The tough days get farther and farther apart, but sometimes I think that only makes the hard days seem harder. I look into the eyes of my sweet little grandsons and I see your face. you are missing this...they are missing meeting you and it sucks! I heard today that Flogging Molly is having a show this summer and I thought "Damn me, you, and Sean should totally go to that show!!!"...My Chemical Romance is gonna be here in may and you should be going with Sean for his birthday...and the fact that you are not here sucks too!! Today every song reminded me of you, I heard your laughfter in the wind and I saw your face in every crowd. I miss you punk.......

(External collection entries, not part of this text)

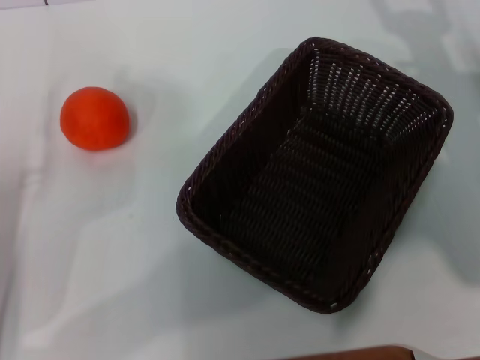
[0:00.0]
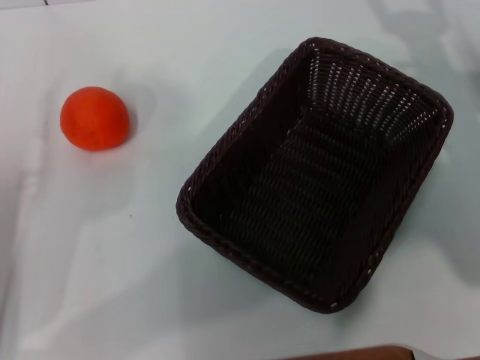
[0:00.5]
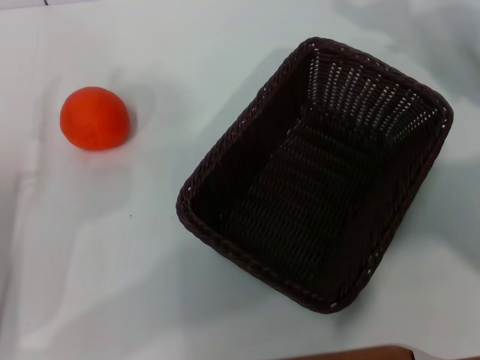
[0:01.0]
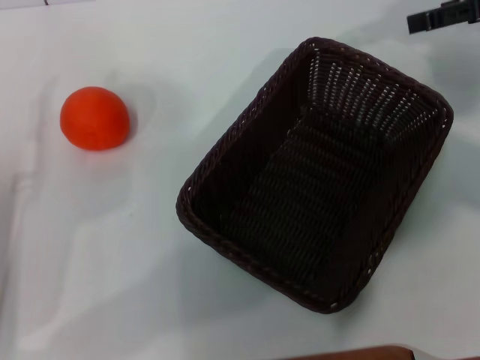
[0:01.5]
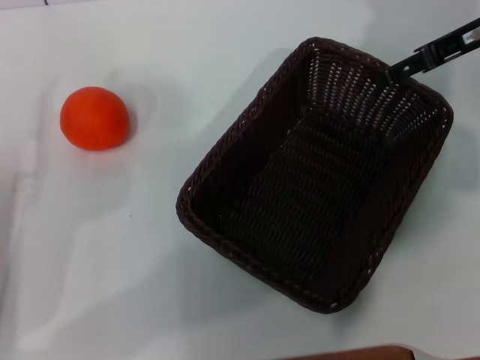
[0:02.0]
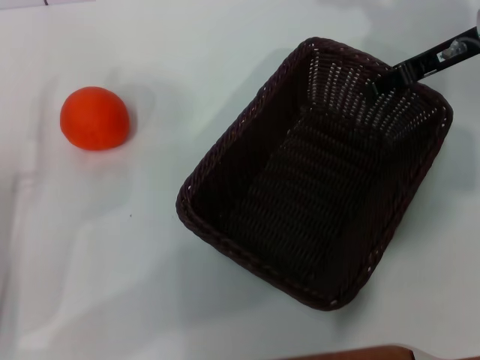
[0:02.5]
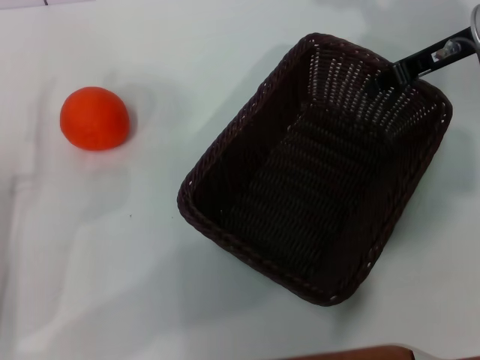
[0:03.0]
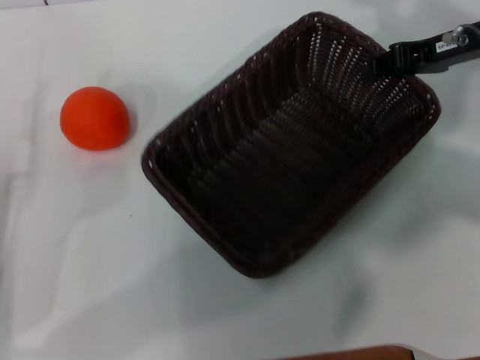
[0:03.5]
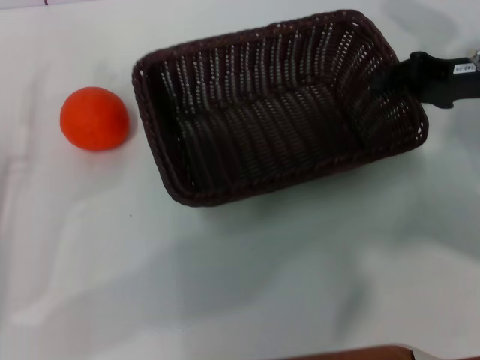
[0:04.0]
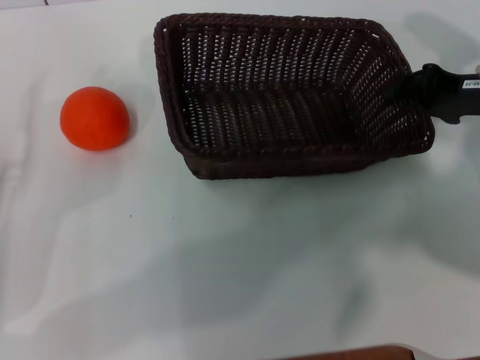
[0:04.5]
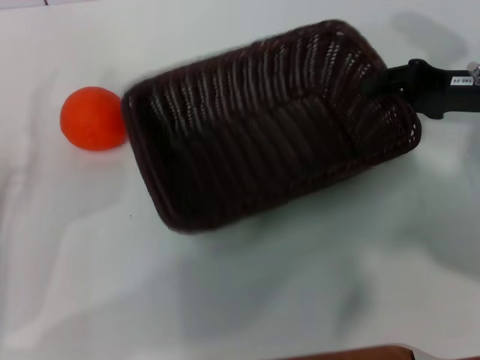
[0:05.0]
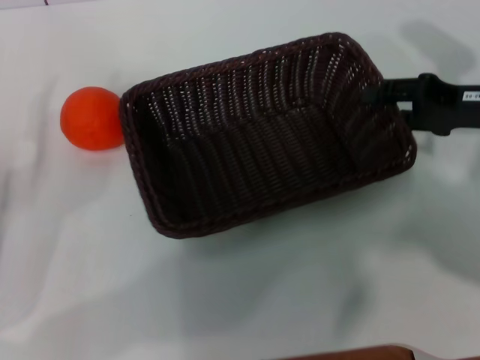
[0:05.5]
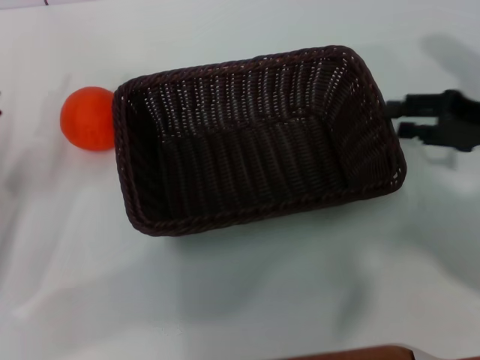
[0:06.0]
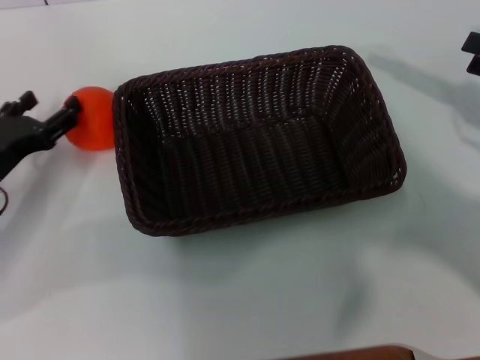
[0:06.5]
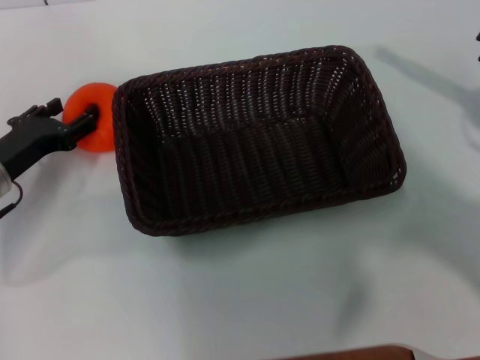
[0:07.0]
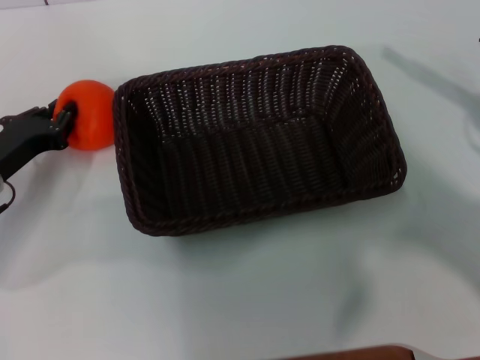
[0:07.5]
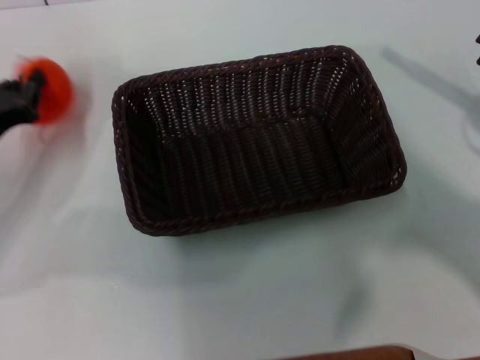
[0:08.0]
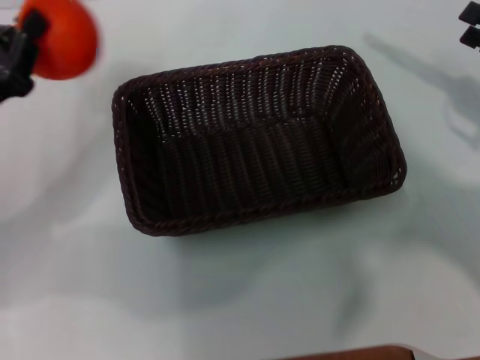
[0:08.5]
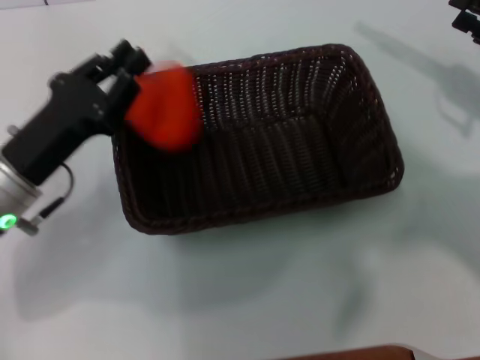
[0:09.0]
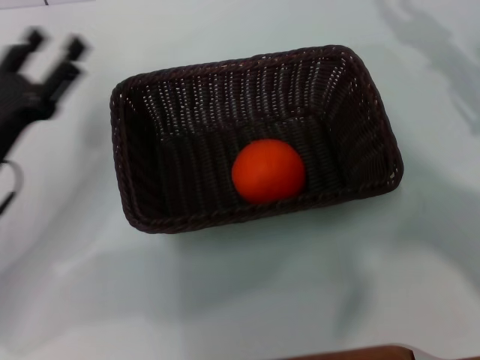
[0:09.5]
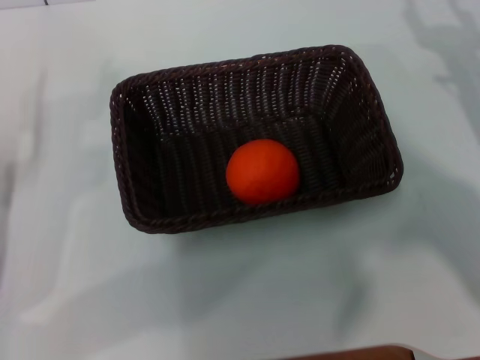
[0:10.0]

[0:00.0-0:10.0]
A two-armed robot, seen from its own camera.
Task of the whole recording: the right gripper pick up the black basket and place it horizontally in the middle of the table, the left gripper pick up the orange and place it into the black basket.
Step, 0:00.0 to 0:03.5: Pick up the dark basket with the right gripper.
Step, 0:04.0 to 0:06.0: Place the dark basket in the center of view with the right gripper.
Step, 0:06.5 to 0:08.0: Pick up the orange with the left gripper.
Step, 0:08.5 to 0:09.0: Place the orange into the dark basket with the left gripper.
0:00.0 to 0:02.0: The right gripper travels upward and forward by approximately 15 cm.
0:02.0 to 0:04.0: The right gripper heads downward, covering some 5 cm, and closes up.
0:04.0 to 0:06.0: The right gripper travels backward by some 5 cm, and opens its fingers.
0:06.0 to 0:08.0: The left gripper travels forward by some 5 cm, and closes its fingers. Meanwhile the right gripper is displaced to the right by approximately 5 cm.
0:08.0 to 0:10.0: The right gripper changes place by about 5 cm. Meanwhile the left gripper heads backward, covering roughly 5 cm, travels to the right and back again, roughly 10 cm each way, and opens.

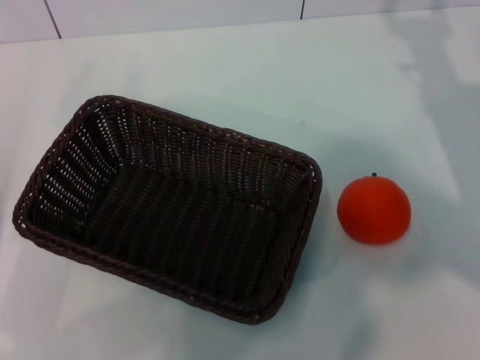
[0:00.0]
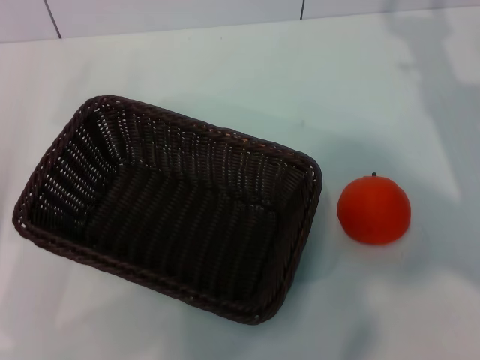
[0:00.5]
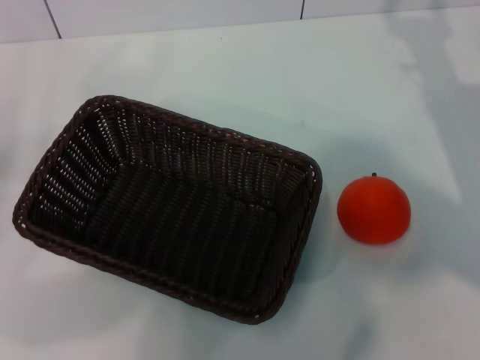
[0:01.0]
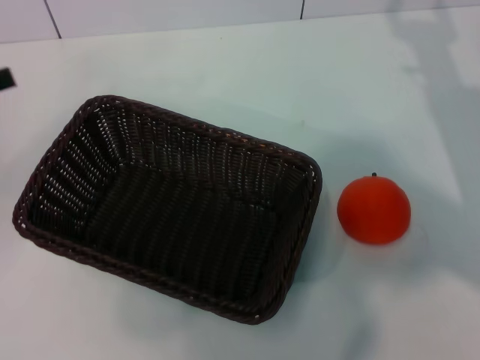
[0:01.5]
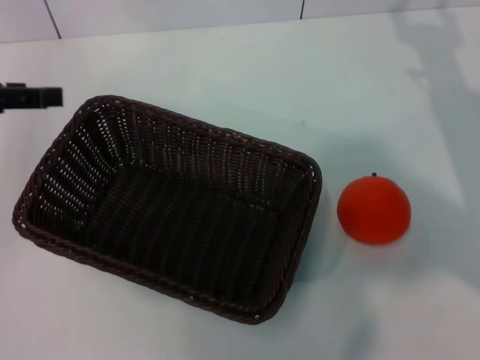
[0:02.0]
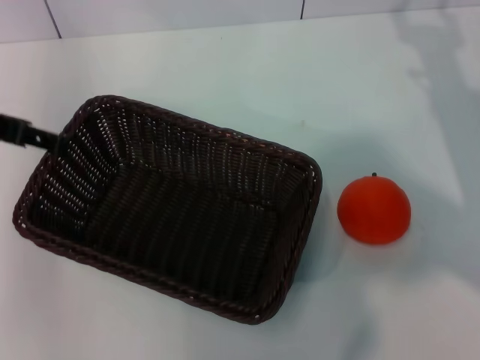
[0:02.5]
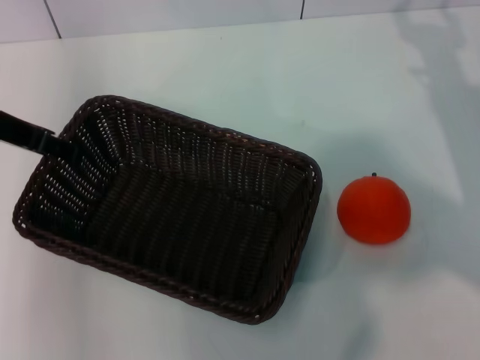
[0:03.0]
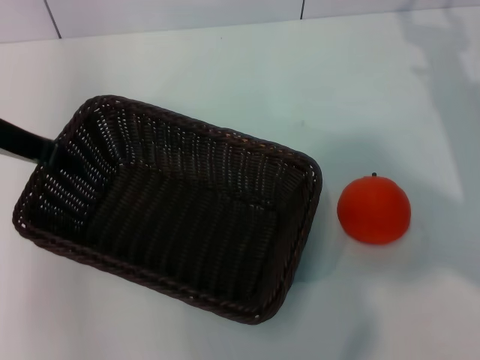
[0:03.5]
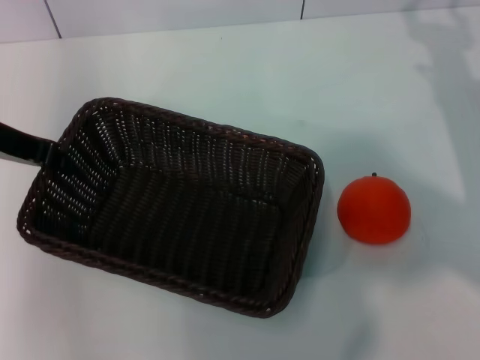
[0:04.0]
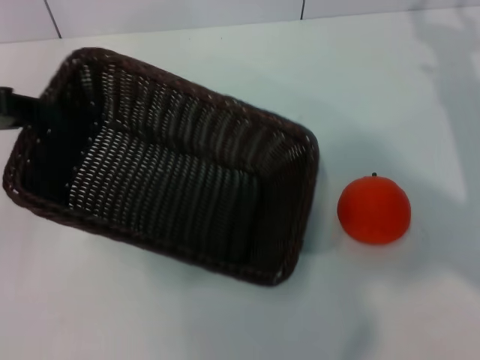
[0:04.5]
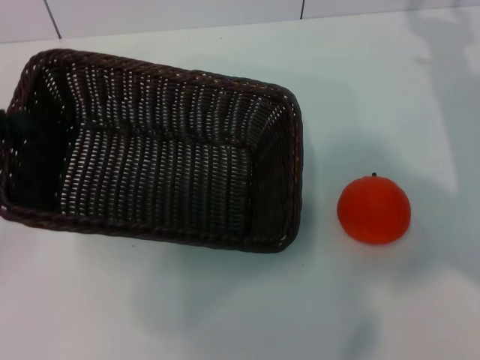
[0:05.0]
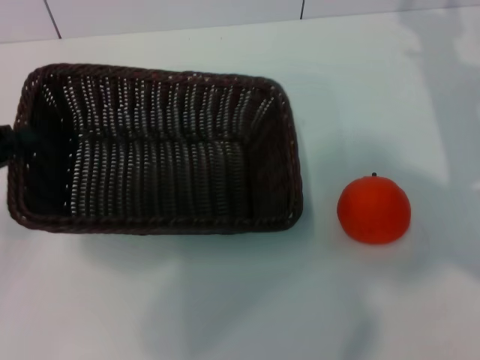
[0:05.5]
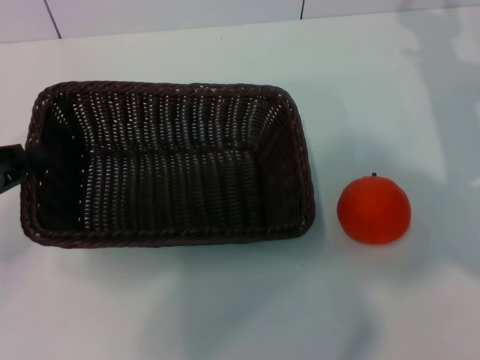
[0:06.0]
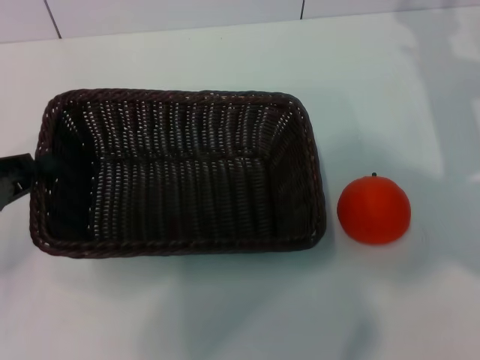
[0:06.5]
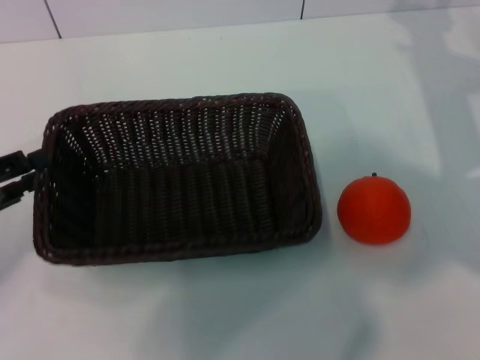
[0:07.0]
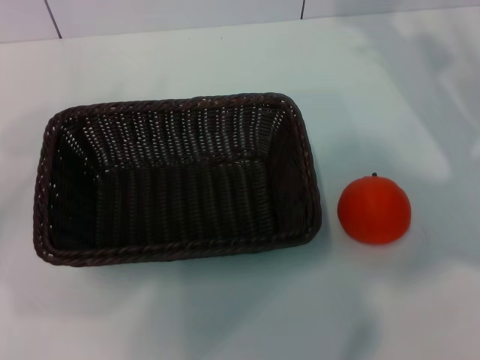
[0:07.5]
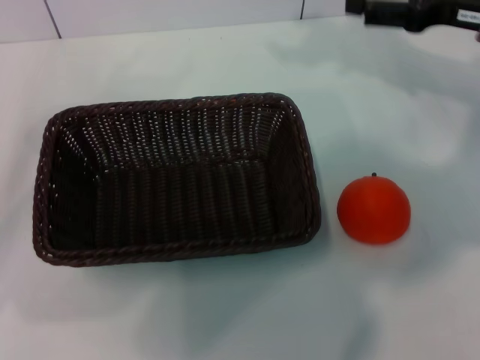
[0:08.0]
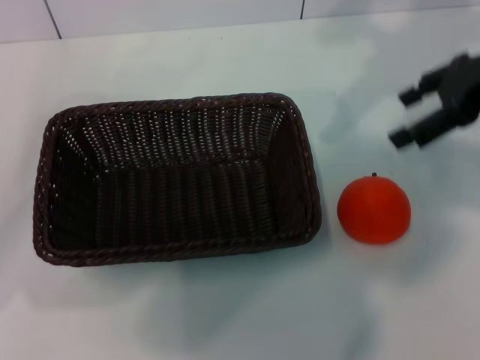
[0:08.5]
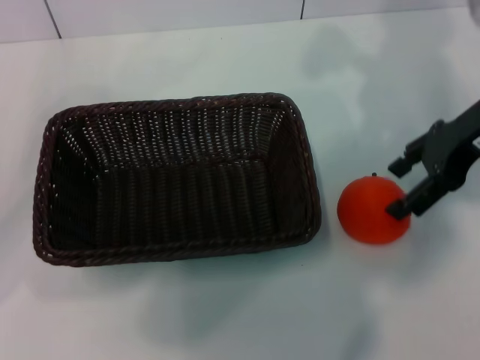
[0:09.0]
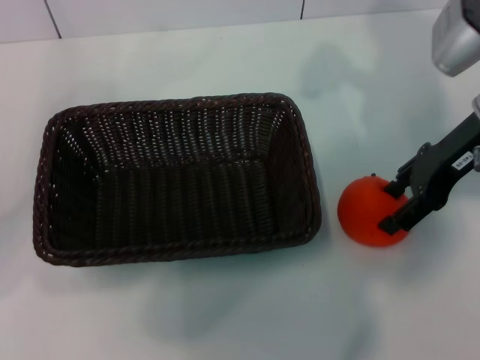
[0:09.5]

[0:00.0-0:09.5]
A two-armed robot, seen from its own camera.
Task of the whole recording: the left gripper pick up the black basket and place it horizontally in the middle of the table, the right gripper pick up the orange and place it into the black basket.
Step, 0:00.0 to 0:04.0: Pick up the dark basket with the left gripper.
Step, 0:04.5 to 0:06.5: Place the dark basket in the center of view with the left gripper.
0:00.0 to 0:02.0: The left gripper is displaced upward and forward by approximately 20 cm.
0:02.0 to 0:04.0: The left gripper heads to the right, covering some 5 cm, and closes.
0:04.0 to 0:05.5: The left gripper heads to the left, backward and downward, covering roughly 15 cm.
0:05.5 to 0:07.5: The left gripper opens its fingers.

Tuesday, February 22, 2011

The beauty within..

With all the stress and frustration I have been feeling as of late I made the decision to take a moment this morning and do some meditation and spiritual reading. There are certain authors I tend to turn to when I need a boost. For example when I am feeling self centered I try to read His Holiness the Dalai Lama, when I am feeling a lack of confidence its Maya Angelou that gets me through. Today it was Silver Ravenwolf. She writes about finding the beauty and peace within yourself, and  says that sometimes closing yourself to the outside world is just the medicine you need to recharge.
 Being a photographer it is easy for me to see the beauty that surrounds me, no matter where I happen to be. For me if the surroundings are lovely and peaceful than I reflect that feeling. So it stands to reason that if I find the peace and comfort within myself that I need to feel okay today than I will manifest that outwardly and be at peace and stress free. Just a thought....


Monday, February 21, 2011

Legends, Veterans and Rookies oh my

For several years now the legends and Veterans of the wrestling business in Texas have gotten together at the Texas Shoot out.
This year Deshawn and I had the awesome pleasure of being able to attend.
 The event was held in Ft. Worth and as soon as we walked in we were both dumbfounded. It was a truly amazing thing to see! That many people in the same room that gave so much of themselves to wrestling entertainment wa inspiring to say the least.Many of the Veterans spoke about the brotherhood of wrestlers and how much the business has changed. Deshawn got to meet people that changed the face of wrestling like Jake the snake Roberts, and like Iceman King Parsons who was the first African- American man to hold a world championship title. There were promoters there as well , of course Richard "Lvis" and Tammy were there as well as Killer Tim Brooks and  Cowboy Johnny Mantell who is actually the one who put the shoot out together with his fantastic wife Kay. I was so proud of my husband who worked the room like a true professional. He talked little and listened a lot. It was a great afternoon, and even though times are tough for my little family having a day like that was a pretty awesome shinning moment I know my husband will never forget.



Friday, February 18, 2011

feeling the pressure

Wow I am really feeling the pressure of life right now. School has become extremely challenging for me, which I guess is a good thing but it is wearing on my brain!
 My health is taking a  lot out of me as well. While somethings have greatly improved like all my "female" issue, I am finding new ailments creeping up that are both scary and frustrating. After the surgery I developed a blood clot in my right lung, which has now multiplied in to two blood clots. I have been on blood thinners since January with no change in my blood levels. If that was not enough of a pain in my behind I now have walking pneumonia.
It seems that the universe is trying to teach me a lesson here and for what ever reason I am just not getting it. Maybe it is to learn to take care of myself first and stop being such a people pleaser, maybe it is to show me that if you just slow down life wont seem to be passing you by, or maybe its just that I am destined to be a sickly person...I have no clue apparently!
I try to think of things that I am grateful for, and there is a lot in my life today. Like the fact that I get to wake up to two beautiful little smiles every morning, I have the most patient understanding partner in the world, my kid is healthy and safe. Really I have a good life, it just is very full and at times very overwhelming.
Sometimes I get caught up in the thought that this aggravation I am experiencing is just my karma for being such a horrible teenager, then I think...aren't I paid up already? I mean seriously I wasn't THAT bad!
 I try not to get into that "poor pitiful me" way of thinking but at times that is very hard to do. Some days I just want it to be about me. I want people to tell me what a strong person I am and that I can do this, but lately I have felt like everyone else's cheerleader and I am without any cheering! I often tell clients that the only person who can make you happy is you...today that feels like a lot of pressure!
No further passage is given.